Amazing how many people think they win in this system, innit?

The Writer said...

It's a dirty shame. Seriously. Why is it that the success of others makes so many feel inept? Well, whatever. Let the haters hate. All the more for us.

Anonymous said...

I'm reminded of a comment by Bill James regarding the lack of acceptance of sabrmetrics - advanced baseball statistics - by the baseball hierarchy.

"If we are doomed to be outsiders, then let us take this role and use it to our best advantage."

That's my conclusion about the WNBA. You don't make the WNBA successful (if it can be in such a constrictive American social system) by trying to market to people who are dead set against the WNBA succeeding for the same reasons that you've written so eloquently about. Logic isn't important to those people anyway; rational argument won't reach them.

Rather, you market the WNBA to people who are already outsiders, you make it an "outside thing", with a spirit, a drive, and a concept different from any of the other concepts currently existing in sports.

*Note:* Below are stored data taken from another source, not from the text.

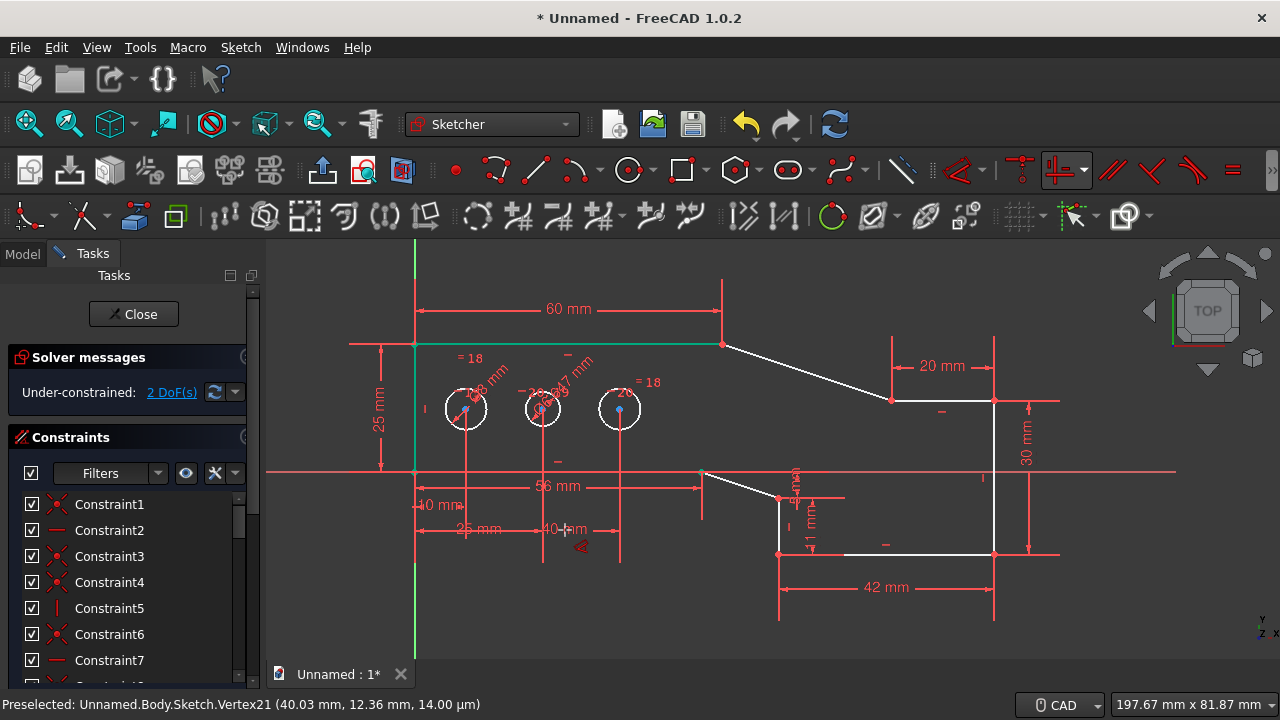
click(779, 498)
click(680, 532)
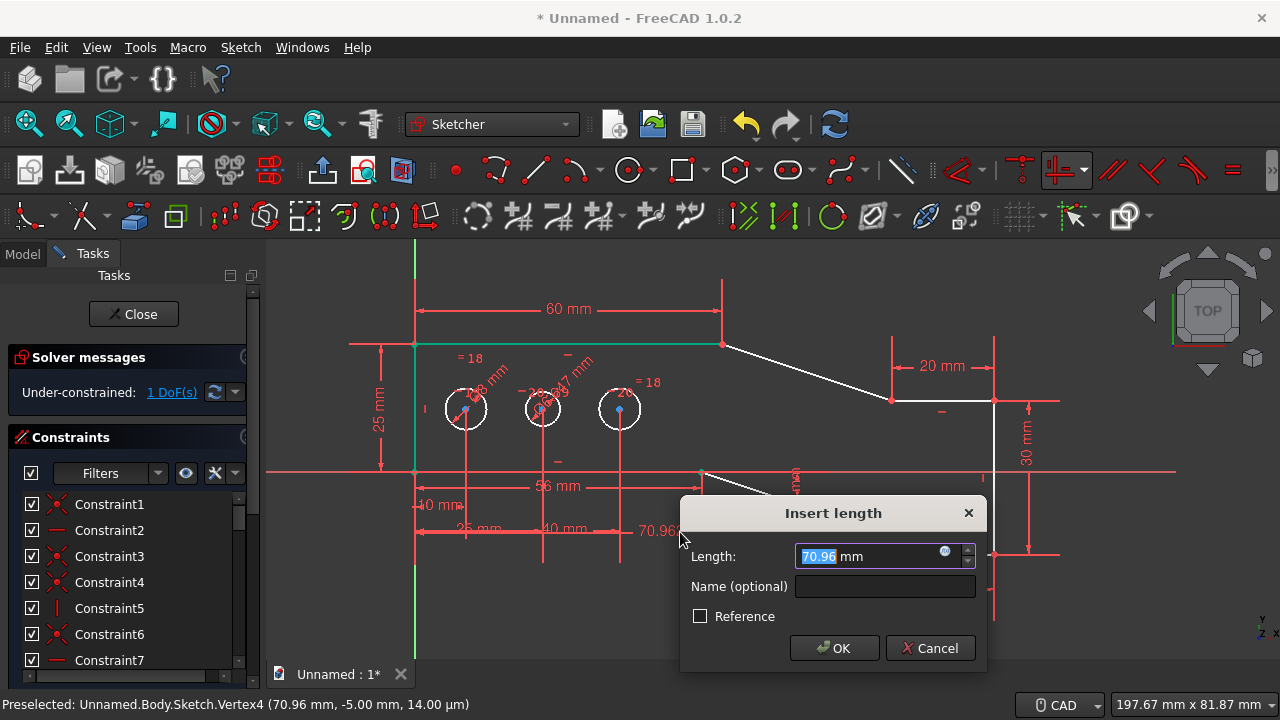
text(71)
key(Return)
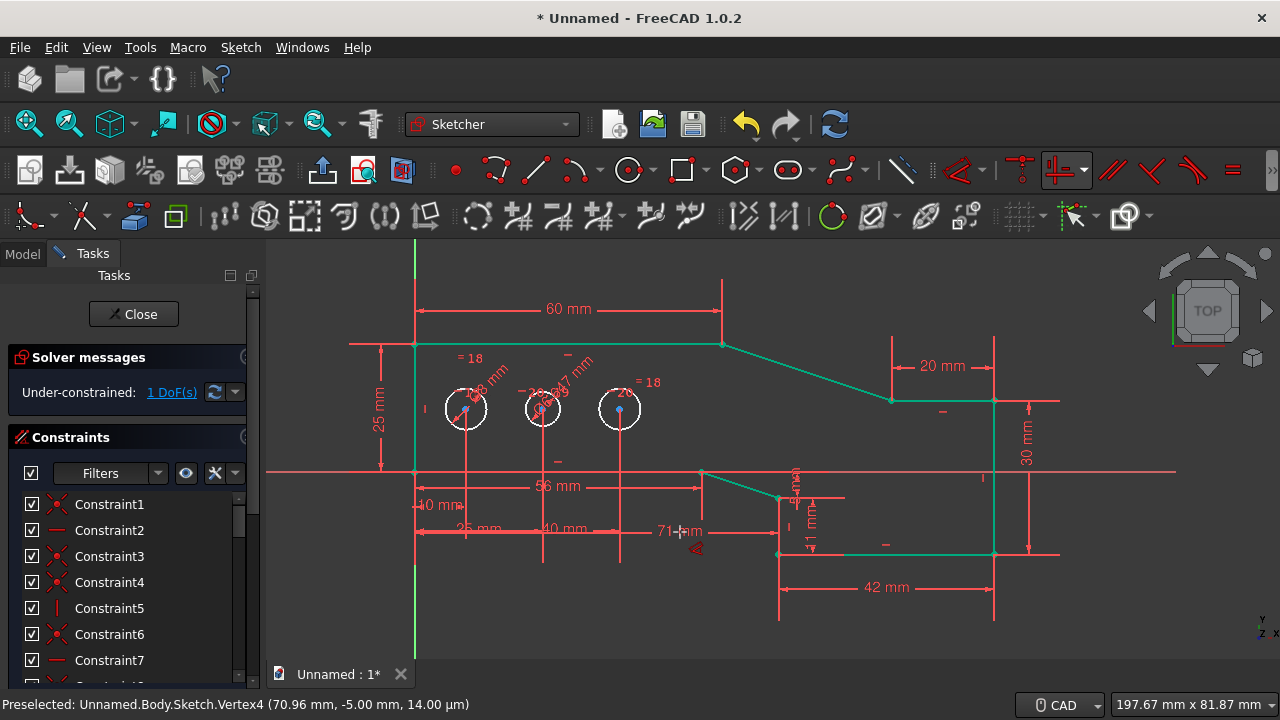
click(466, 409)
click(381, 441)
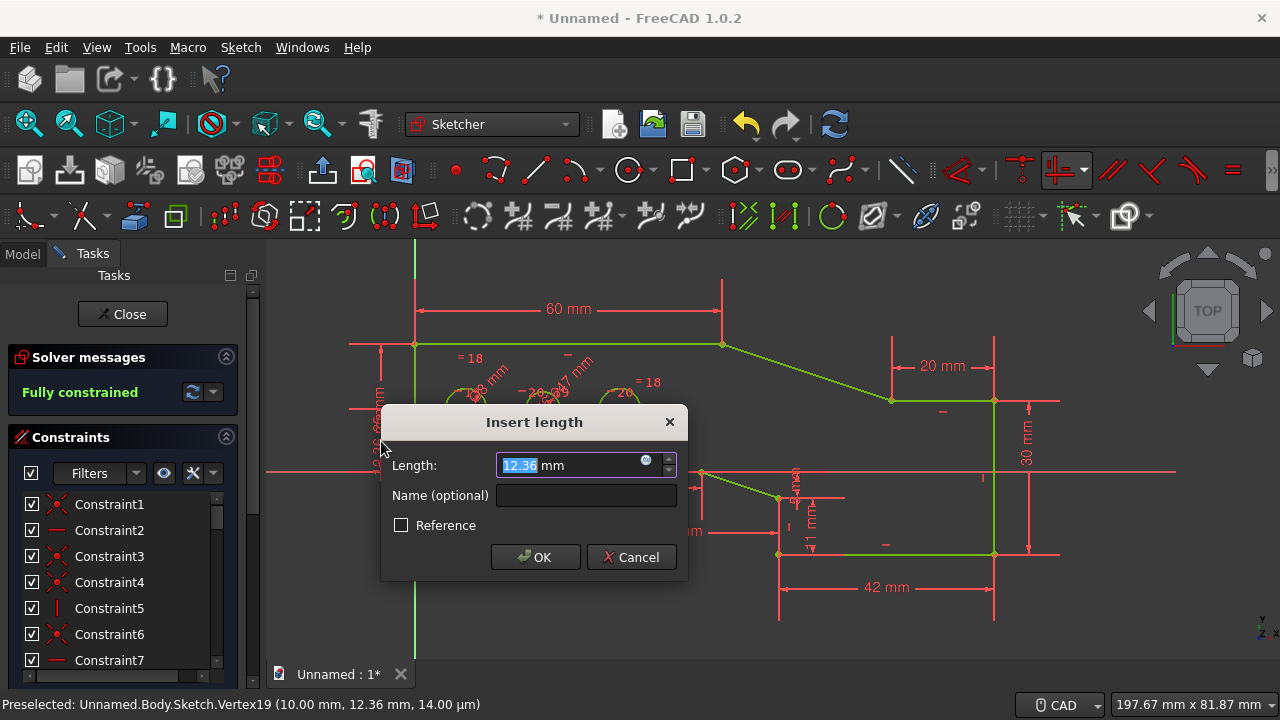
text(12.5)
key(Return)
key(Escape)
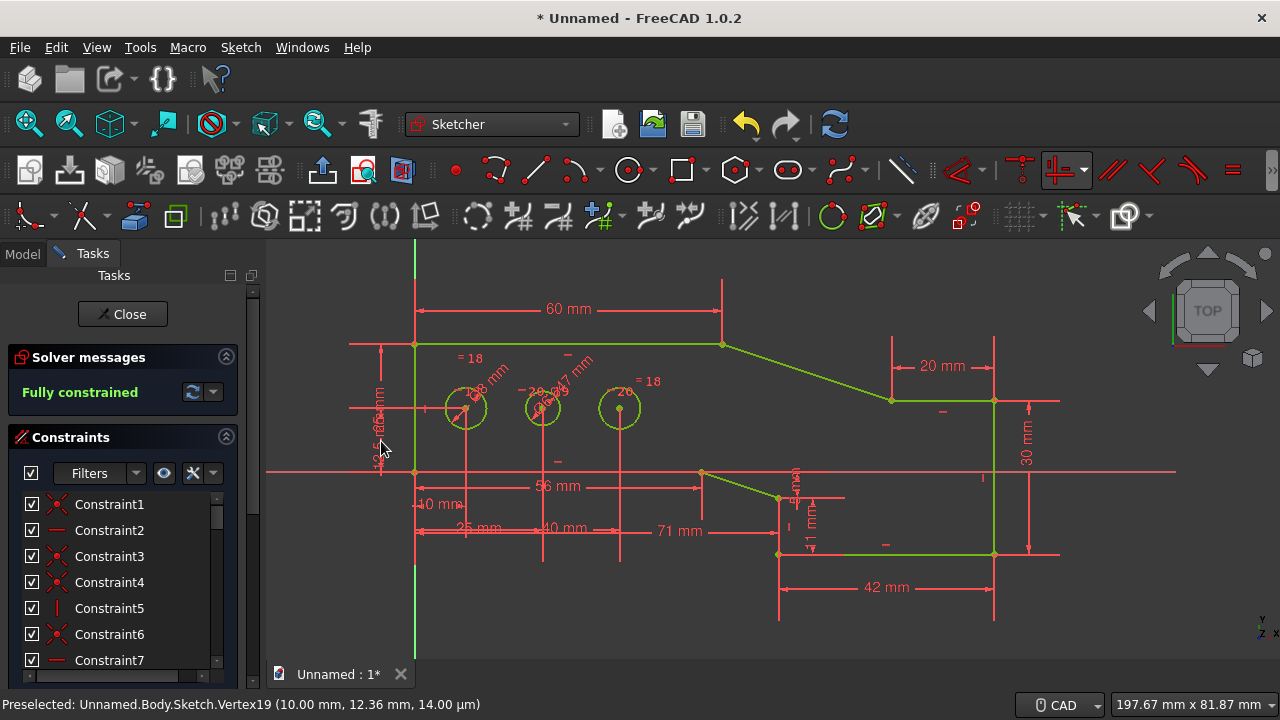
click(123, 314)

Let the Bill Simmonses and Norman Chads and Debbie Schlussels sing to the self selected choir. But also let the world know that there's a different sort of thing going on, a different choir that sings different music with a different rhythm. If you're the kind of person who wants to make the world sing the same old sad song its always sung, then we're not listening. And if you want to sing along with the WNBA well...grab a songbook. There's always a place in our choir.